On 17 April 2014 13:46, John Byrne <john(a)bodkinprints.co.uk> wrote:
<snip>
Most of Charles' factors below relate better to
views and
controversialness than article quality, and
article quality has a limited ability to increase views, as study of FAs
before and after expansion will show.
I was of course giving the most brief and telegraphic indications, just so
as to unpick the acronym. A much fuller discussion is in Chapter 4 of How
Wikipedia Works, so I hardly need go into all those things here and now.
Personally I'd think the lack of 1 to say 4 dominant editors in the stats
is a more reliable warning sign than "A single editor, or essentially only
one editor with
tweaking" in most subjects. Nothing is more characteristic of a popular
but poor article than a huge list of contributors, all with fewer than 10
edits.
Depends what you are talking about. The point here, and similarly in other
places, though, is that it might be good or it might be bad to have a
single editor. "More research required", as usual, but you are then
researching something definite, and this is what we all do: check out a
user page. A machine could at least make a rough guess, and work has been
done on reputation systems.
The "single-purpose account" is a warning flag, and such editing tends to
go with article creation about fringe things where others may hardly
bother. As I hinted, there can be false positives with single editors, but
it is a useful attack on the issue, surely.
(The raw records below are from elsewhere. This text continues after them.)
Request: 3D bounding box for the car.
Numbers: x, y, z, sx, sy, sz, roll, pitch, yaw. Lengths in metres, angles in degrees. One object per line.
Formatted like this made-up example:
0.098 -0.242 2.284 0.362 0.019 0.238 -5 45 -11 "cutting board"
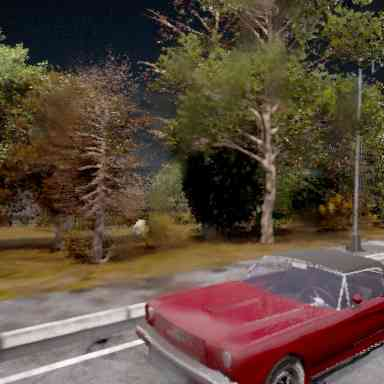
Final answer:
1.641 1.610 4.853 4.718 1.301 1.895 0 0 -35 "car"
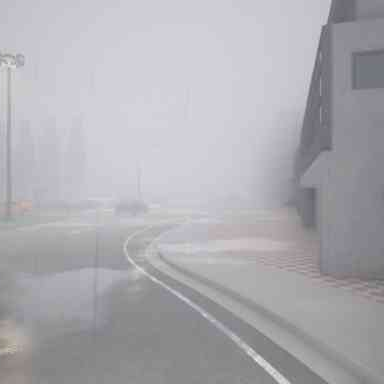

The multiple editor phenomenon you are talking about is indeed
characteristic of mediocre articles. We have to recall that "good" articles
make up less than 1% of Wikipedia's articles.
Sadly, the implied notion (at T for Traffic below)
that fairly high views
automatically lead to increased quality is very dubious - we have plenty of
extremely bad articles that have had by now millions of viewers who have
between them done next to nothing to improve the now-ancient text.
No, my point was as before, really. Very low traffic and very high traffic
tell you something. Mid-range traffic doesn't sort the sheep from the
goats.
There is also the question of what use the results of the exercise will
be.
Oh, I agree. But the current "system" does seem skewed towards recognition
of better content, rather than dealing purposefully with the worst 10%.
Picking up the latter in some mechanical way is always worth considering.